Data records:
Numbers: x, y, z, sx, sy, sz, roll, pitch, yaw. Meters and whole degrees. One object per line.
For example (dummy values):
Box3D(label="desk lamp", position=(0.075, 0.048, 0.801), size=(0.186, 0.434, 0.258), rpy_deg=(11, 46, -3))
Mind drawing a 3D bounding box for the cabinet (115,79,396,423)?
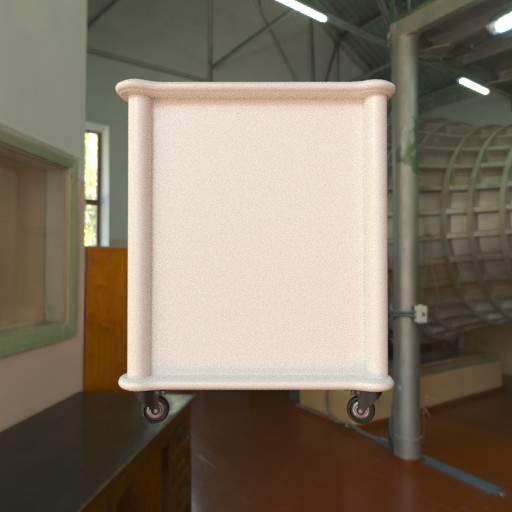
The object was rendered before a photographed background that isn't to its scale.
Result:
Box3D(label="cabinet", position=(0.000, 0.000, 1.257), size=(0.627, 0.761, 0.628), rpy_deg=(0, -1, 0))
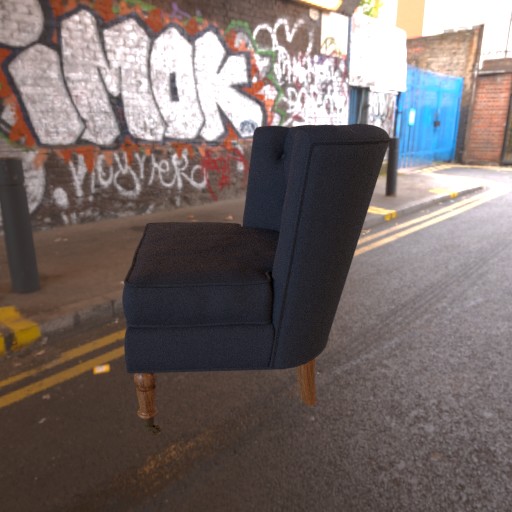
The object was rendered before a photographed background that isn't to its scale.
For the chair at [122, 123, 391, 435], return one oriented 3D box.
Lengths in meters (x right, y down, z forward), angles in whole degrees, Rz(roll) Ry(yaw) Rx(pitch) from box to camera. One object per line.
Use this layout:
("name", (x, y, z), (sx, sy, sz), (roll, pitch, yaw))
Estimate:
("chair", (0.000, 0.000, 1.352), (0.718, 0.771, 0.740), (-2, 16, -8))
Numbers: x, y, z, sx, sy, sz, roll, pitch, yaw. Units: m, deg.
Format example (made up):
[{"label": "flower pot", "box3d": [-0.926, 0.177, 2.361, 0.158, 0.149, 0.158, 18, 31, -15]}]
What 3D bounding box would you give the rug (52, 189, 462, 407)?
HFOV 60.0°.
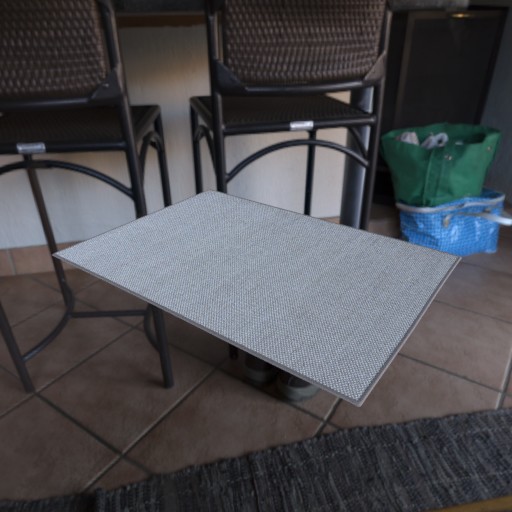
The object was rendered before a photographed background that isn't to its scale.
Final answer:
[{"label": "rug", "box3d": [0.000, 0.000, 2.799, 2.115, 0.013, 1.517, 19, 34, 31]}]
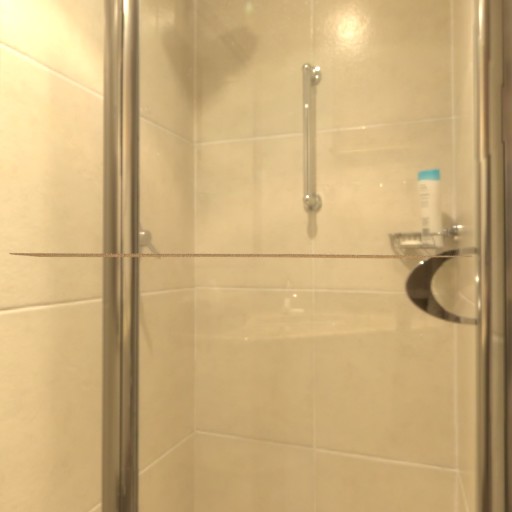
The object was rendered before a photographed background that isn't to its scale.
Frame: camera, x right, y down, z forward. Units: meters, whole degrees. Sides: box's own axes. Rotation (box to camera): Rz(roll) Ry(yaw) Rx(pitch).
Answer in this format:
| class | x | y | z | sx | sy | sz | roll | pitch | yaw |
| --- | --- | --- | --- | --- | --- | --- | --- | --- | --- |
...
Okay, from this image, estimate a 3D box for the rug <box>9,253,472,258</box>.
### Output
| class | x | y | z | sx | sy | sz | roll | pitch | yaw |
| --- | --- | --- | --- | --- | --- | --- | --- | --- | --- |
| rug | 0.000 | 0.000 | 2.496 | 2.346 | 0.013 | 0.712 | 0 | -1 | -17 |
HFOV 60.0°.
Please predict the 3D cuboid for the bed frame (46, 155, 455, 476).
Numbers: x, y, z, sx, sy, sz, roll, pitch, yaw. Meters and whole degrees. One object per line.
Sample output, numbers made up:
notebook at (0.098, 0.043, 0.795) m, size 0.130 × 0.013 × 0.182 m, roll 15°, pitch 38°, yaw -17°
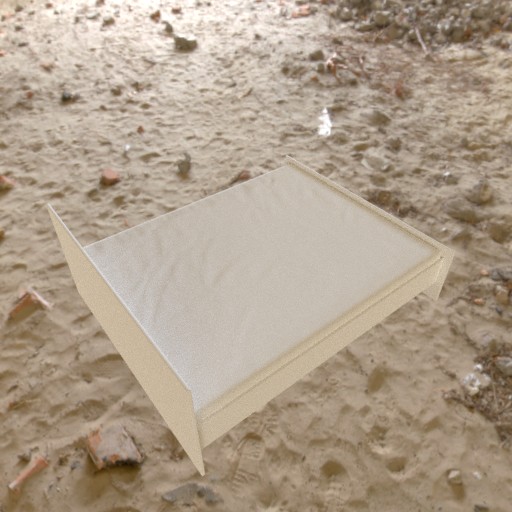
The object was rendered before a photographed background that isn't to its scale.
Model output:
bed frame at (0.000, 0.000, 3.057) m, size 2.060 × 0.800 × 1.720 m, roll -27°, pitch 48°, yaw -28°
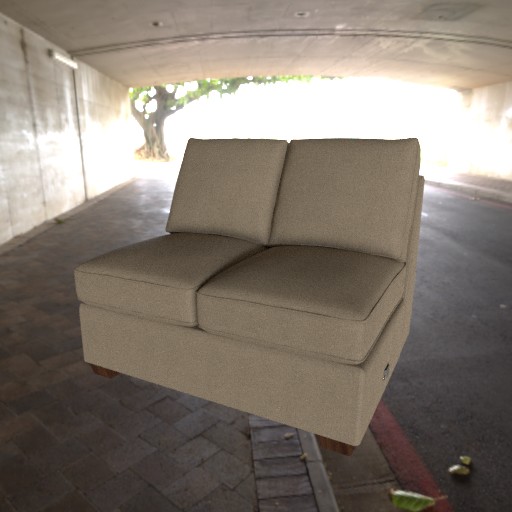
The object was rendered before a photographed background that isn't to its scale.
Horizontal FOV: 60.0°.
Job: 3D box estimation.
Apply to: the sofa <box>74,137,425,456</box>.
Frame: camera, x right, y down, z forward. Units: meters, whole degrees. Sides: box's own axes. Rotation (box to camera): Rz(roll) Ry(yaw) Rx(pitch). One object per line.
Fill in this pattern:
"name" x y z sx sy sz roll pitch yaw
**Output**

*The task*:
Look through the entries and copy every line in which the string "forward" appears.

*Response to this exercise*:
Lengths in meters (x right, y down, z forward), angles in whole degrees, Rz(roll) Ry(yaw) Rx(pitch) from box to camera. One object per line.
Frame: camera, x right, y down, z forward. Units: meters, whole degrees. Sides: box's own axes. Rotation (box to camera): Rz(roll) Ry(yaw) Rx(pitch).
Frame: camera, x right, y down, z forward. Units: meters, whole degrees. Sides: box's own axes. Rotation (box to camera): Rz(roll) Ry(yaw) Rx(pitch). One object per line.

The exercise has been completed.